Exercise Let $(V, \langle \,\, , \,\,\rangle)$ be an inner product space and let $\mathcal{L} = \{v_1, \dots, v_n\} \subset V$. Prove that $\mathcal{L}$ is linearly independent if and only if
$$A = \begin{bmatrix}
\langle v_1, v_1 \rangle & \langle v_2, v_1 \rangle & \dots & \langle v_n, v_1 \rangle \\
\langle v_1, v_2 \rangle & \langle v_2, v_2 \rangle & \dots & \langle v_n, v_2 \rangle \\
\vdots & \vdots & \vdots & \vdots \\
\langle v_1, v_n \rangle & \langle v_2, v_n \rangle & \dots & \langle v_n, v_n \rangle \\
\end{bmatrix}$$
is invertible.
For the $(\Rightarrow)$ forward direction, if we suppose $\mathcal{L}$ is linearly independent, then we know that if
$$a_1v_1 + \dots a_nv_n = 0$$
then each $a_i = 0, \hspace{0.4cm} 1 \leq i \leq n$. Now, we know that orthogonal implies linear independent, but linear independence need not imply orthogonality. So it is tricky to see how we will arrive at the conclusion $\det(A) \neq 0$, i.e. $A$ is invertible.

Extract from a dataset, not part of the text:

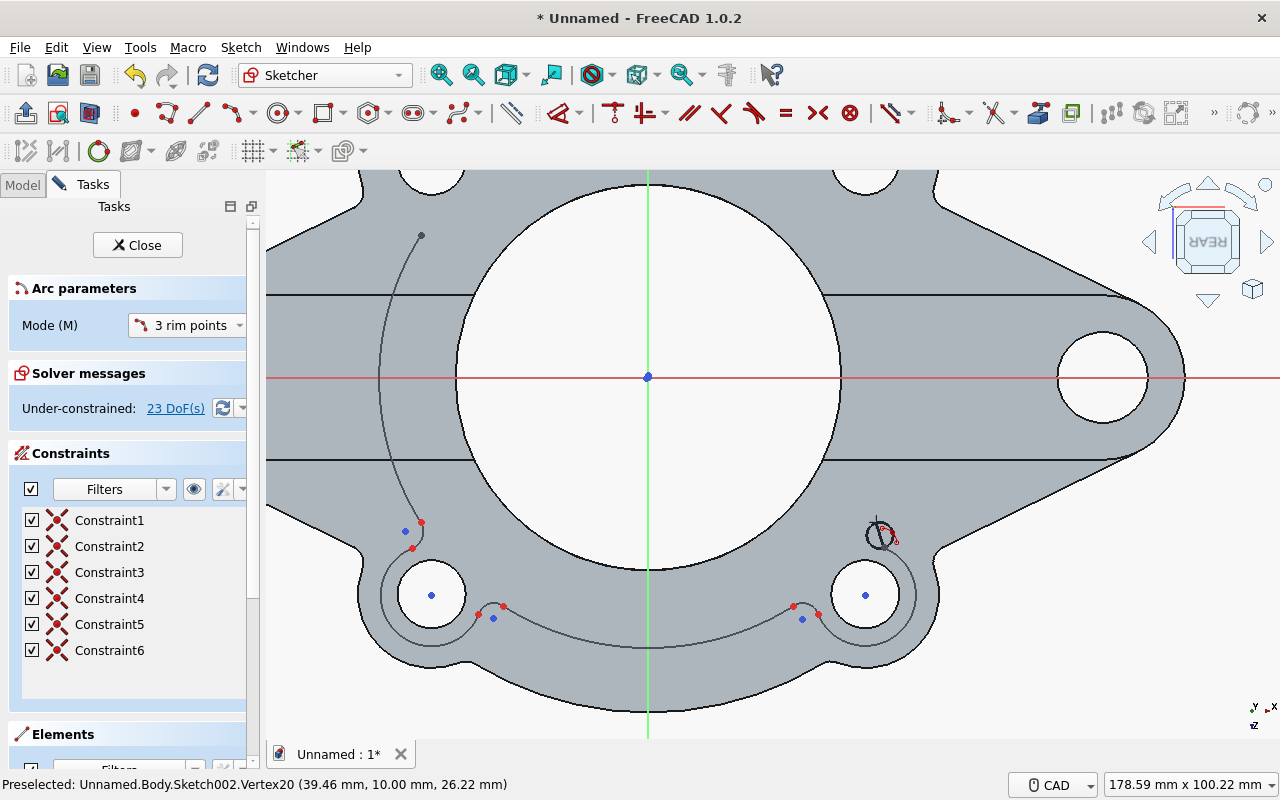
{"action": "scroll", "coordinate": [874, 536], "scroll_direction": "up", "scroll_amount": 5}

For the $(\Leftarrow)$ backwards direction, we suppose that $A$ is invertible and so $\det(A) \neq 0$. Now, since $\det(A) \neq 0$, then there exists $v_i, v_j \in \{v_1, \dots, v_n\}$ so that
$$\langle v_i, v_j \rangle \cdot \det(A^*) \neq 0$$
where $A^*$ is the square matrix obtained from $A$ by eliminating the $i^{th}$ column and $j^{th}$ row. In other words, at least one term of the $n \times n$ determinant of $A$ is nonzero.
Are these approaches headed in the right direction or am I misled? I am unsure how to complete the proof for either direction. Any advice or suggestions are greatly appreciated in advance.
Best Answer
Hint. Let $V=[v_1~\cdots~v_n]$ be the matrix of column vectors $v_i$. Then the matrix in question is $V^\dagger V$ (assuming your complex inner products are conjugate-linear in the first argument - if we're talking about real inner product spaces we can just ignore the complex stuff). Notice $a^\dagger(V^\dagger V)a=\|Va\|^2$.
In more explicit terms (and also coordinate-free if you don't want to write vectors as columns):
$$ \begin{bmatrix} \overline{a_1} & \cdots & \overline{a_n} \end{bmatrix} \begin{bmatrix} \langle v_1,v_1\rangle & \cdots & \langle v_1,v_n\rangle \\ \vdots & \ddots & \vdots \\ \langle v_n,v_1\rangle & \cdots & \langle v_n,v_n\rangle \end{bmatrix} \begin{bmatrix} a_1 \\ \vdots \\ a_n \end{bmatrix} = \|a_1v_1+\cdots+a_nv_n \|^2 $$
In fact, for real inner product spaces, $\det(V^T V)$ (the Grammian determinant) is the squared volume $\mathrm{vol}^2$ of the parallelotope spanned by $v_1,\cdots,v_n$. When the dimension of $V$ matches the number of vectors $n$, this is the special case that $\det V=\mathrm{vol}$, but otherwise it is more general.
This can be generalized even further to an inner product on the exterior power $\Lambda V$ which can be used to calculate the "volume distorion factor" associated with orthogonally projecting one subspace onto another.